[Dataset items]
******

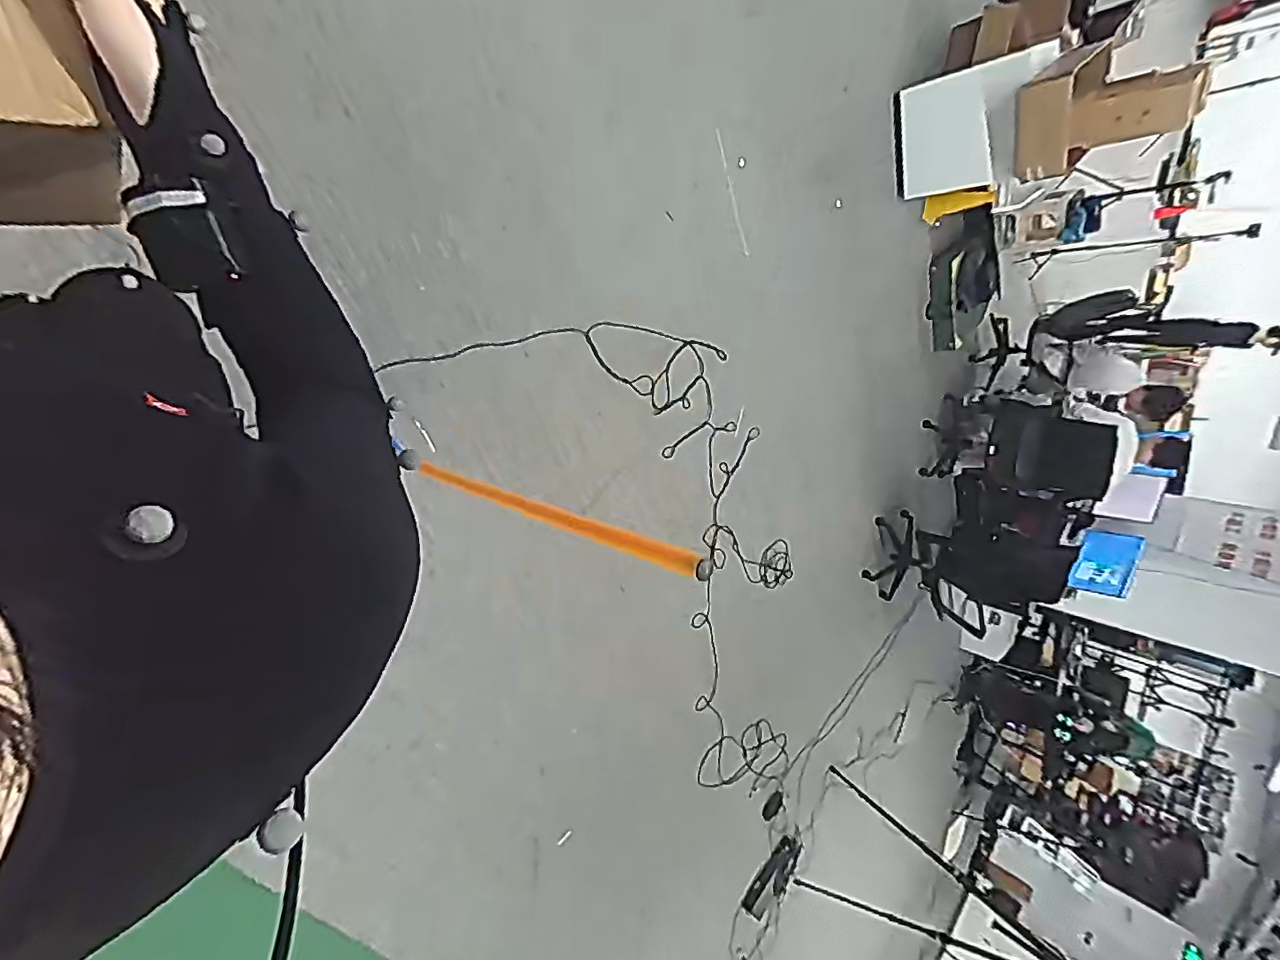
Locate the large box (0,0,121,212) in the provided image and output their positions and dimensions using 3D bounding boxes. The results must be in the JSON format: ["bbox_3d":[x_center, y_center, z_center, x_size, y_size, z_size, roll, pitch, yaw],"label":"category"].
[{"bbox_3d":[-0.610,-0.343,0.291,0.408,0.320,0.320,-24,115,-41],"label":"large box"}]
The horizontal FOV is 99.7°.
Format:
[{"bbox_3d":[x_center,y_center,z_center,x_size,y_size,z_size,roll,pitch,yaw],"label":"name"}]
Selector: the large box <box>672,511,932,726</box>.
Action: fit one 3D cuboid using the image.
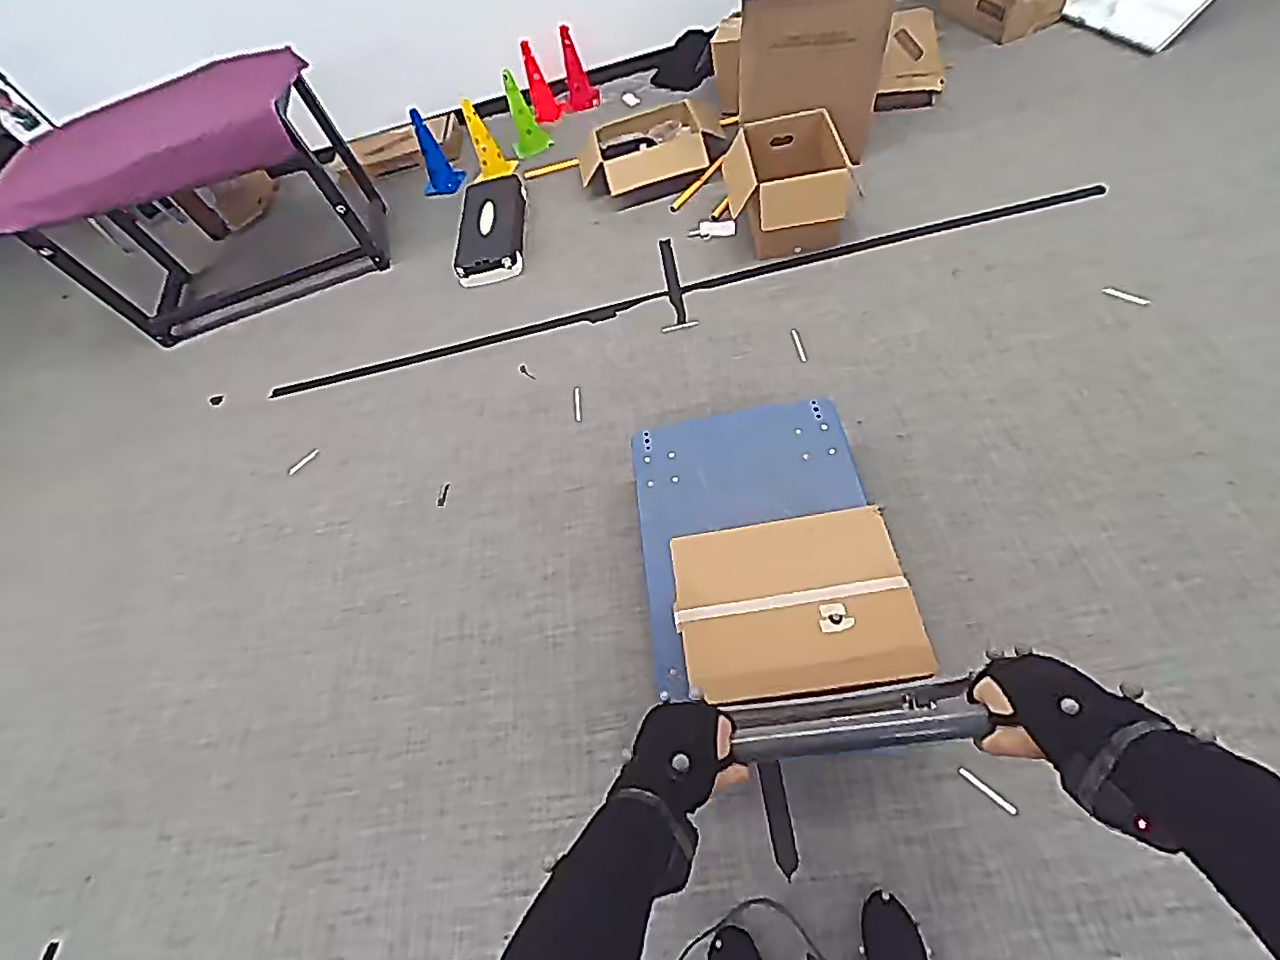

******

## TASK GOAL
The reply must match the records exactly, apart from the pictures, which are left out.

## WRITTEN REPLY
Locate the large box (0,0,121,212) in the provided image and output their positions and dimensions using 3D bounding boxes. The results must be in the JSON format: ["bbox_3d":[x_center, y_center, z_center, x_size, y_size, z_size, roll, pitch, yaw],"label":"category"].
[{"bbox_3d":[-0.610,-0.343,0.291,0.408,0.320,0.320,-24,115,-41],"label":"large box"}]
The horizontal FOV is 99.7°.
Format:
[{"bbox_3d":[x_center,y_center,z_center,x_size,y_size,z_size,roll,pitch,yaw],"label":"name"}]
Selector: the large box <box>672,511,932,726</box>.
Action: fit one 3D cuboid using the image.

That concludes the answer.